Let me stress, while gross CapEx peaks, we actively manage our net CapEx to ensure an adequate free cash flow. And this takes me naturally to the topic of fleet financing. In the past, outright ownership of most of our aircraft was a key principle, and we continue to believe that high ownership is an important principle to keep. However, it is equally time to evolve our strategy towards more leasing to make greater use of the strategic benefits of leasing. And these are obviously a higher degree of flexibility when it comes to managing capacity, be it upwards or downwards. Of course, you don't do that overnight. You do that in the usual cycles of six years or 12 years for a narrow body and wide body. And of course, improved capital efficiency as lease costs are below our cost of capital.

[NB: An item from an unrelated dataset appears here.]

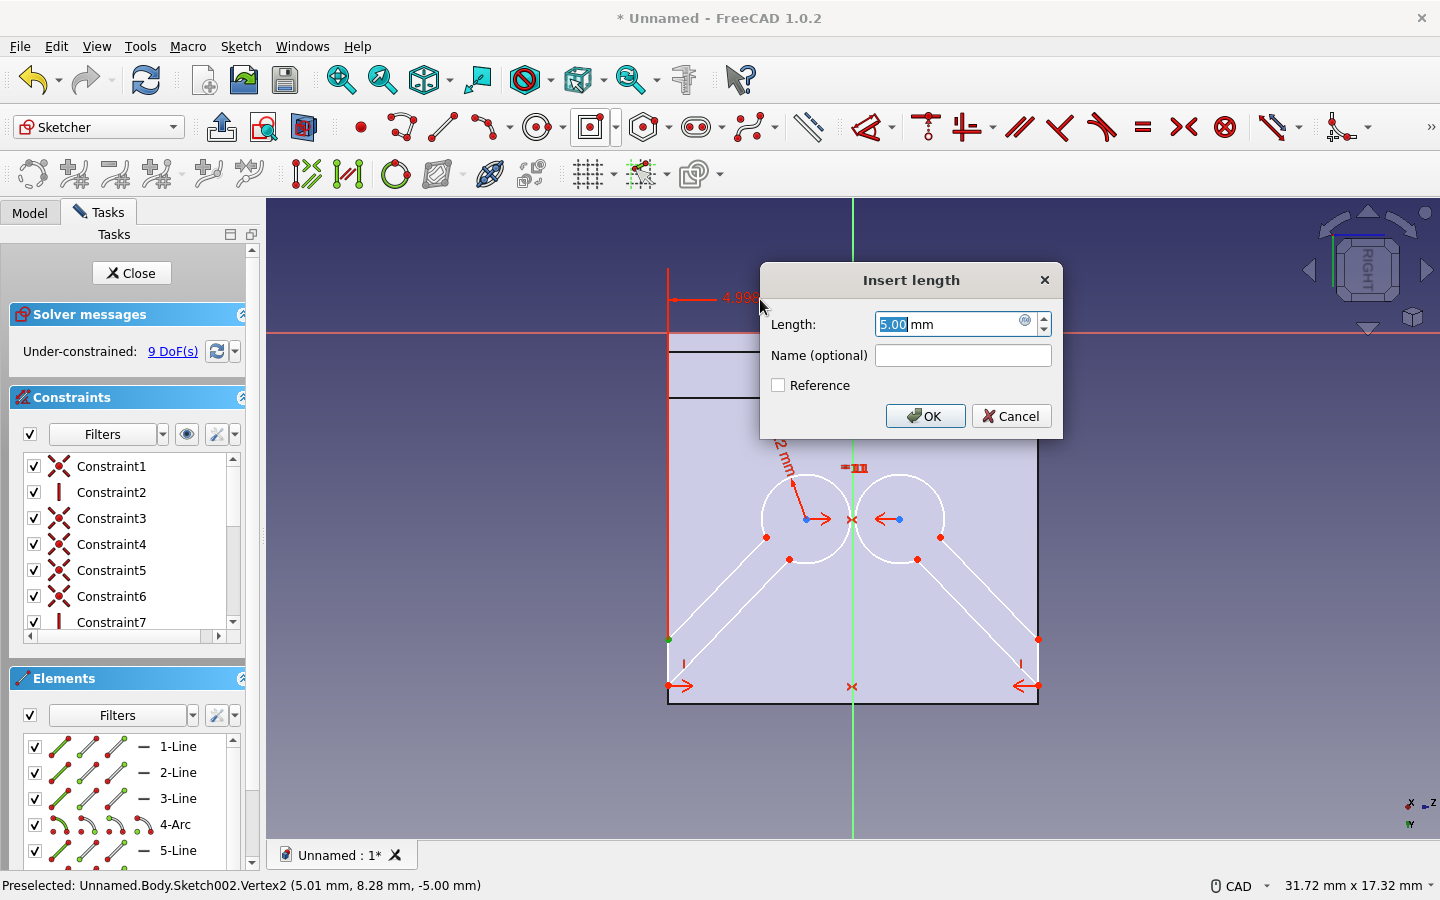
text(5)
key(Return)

So tapping a little bit into the differential in cost of capital between an airline and a lessor. And of course, finally, proactively managing our net CapEx in a prudent way, balancing the peak CapEx that we've got with clear cash flow targets. Therewith, we remain committed to owning the majority of our fleet, but we target round about one-third into leasing with a degree of strategic flexibility. Let me tie it up coming to cash flow, cash flow guidance for our target period. As I've said before, we target more than EUR 2.5 billion per annum in the target period of free cash flow. And I'd like to just stress one point because you may have the question, that's great. It's a couple of years out. What's going to happen in the near term, 2026, 2027?

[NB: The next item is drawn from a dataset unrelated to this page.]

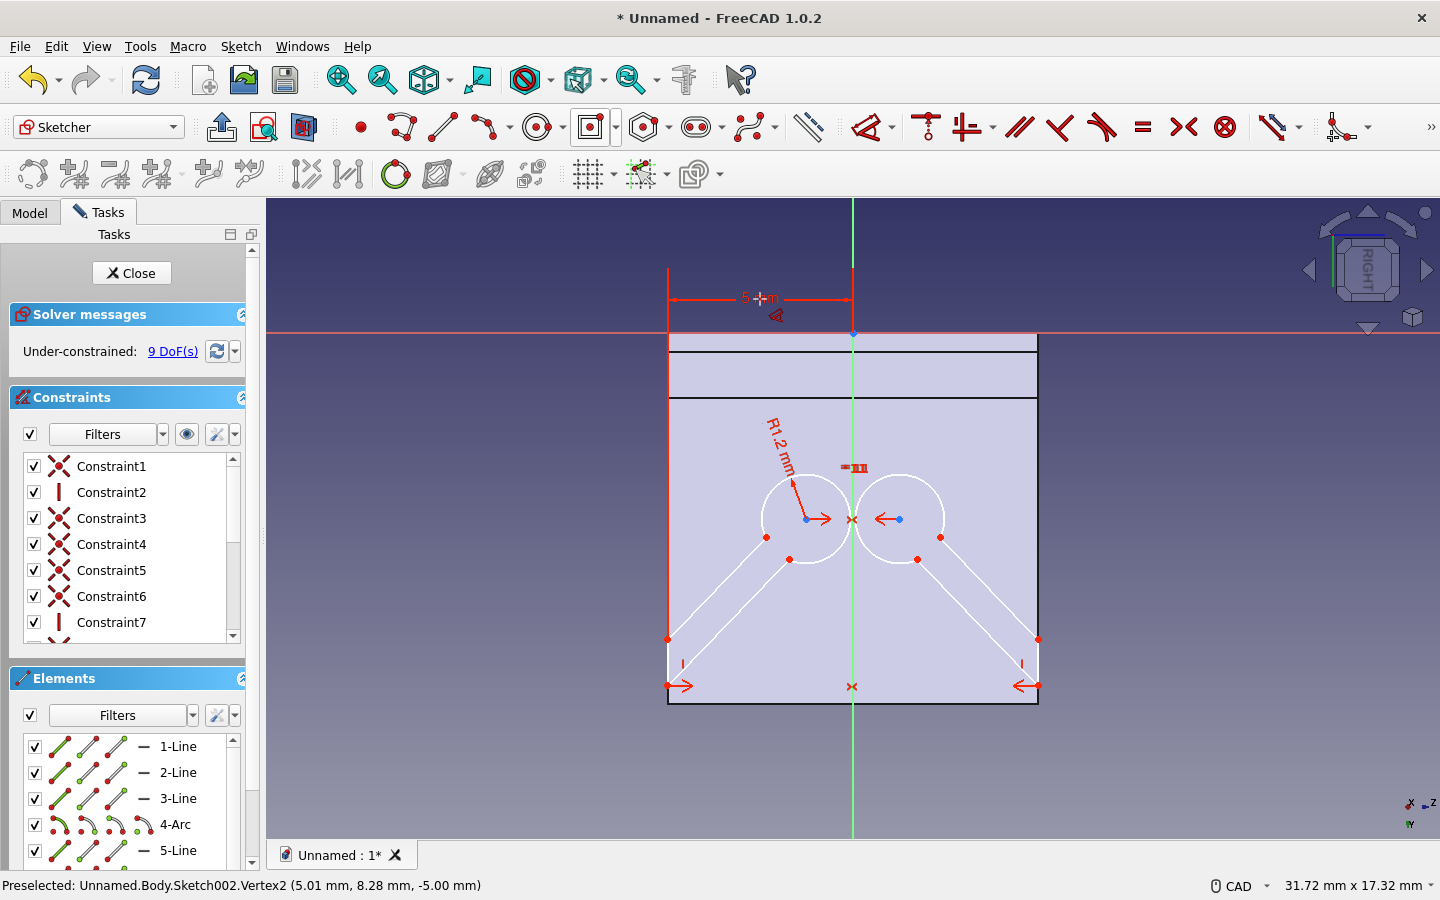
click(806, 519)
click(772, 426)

Of course, while we are not talking about 2026 guidance, we'll do that next year when we speak about our results on 2025. Let me just tell you that, of course, throughout the investment period, we still target a decent free cash flow level, which should be about on or about 2023, 2024 levels. Dividend. So a consistent and reliable annual payout to let our shareholders participate in the dividend is a fundamental principle to us. And that has been the strategy for many years. And you can see the track record of paying a dividend here on the chart. And this is also why we retain our dividend policy of 20%-40% of net income for the time being. And clearly, reaching our profitability targets means also a positive evolution in terms of net income and ultimately dividend distributed.

And that takes me to my very last slide, which is all about free cash flow to equity. So, ladies and gentlemen, let me wrap up and summarize. We've taken you throughout the day through the strategy, the most important initiatives and equally the proof points. And let me reiterate, I do believe with everything that we've shown you today, I believe we are at a turning point where improving margins translates into improved operating cash flow. And I would expect it to double in the target time horizon. And as I said, it's all about attractive and sustainable returns to our shareholders. But for that, we need to continue to invest, which is the CapEx piece of it.

And what's a top priority for myself is that this happens, this investment happens in a disciplined way, ensuring that we get the maximum return out of the capital that we do invest. And as a result, almost like a logical consequence, and this is why I love this chart on the right hand so much, as a logical consequence, if we get this right, our free cash flow to equity is growing at a faster pace than operating cash flow, ultimately targeting to triple in the target horizon. And with that, I am finishing off. Thank you very much.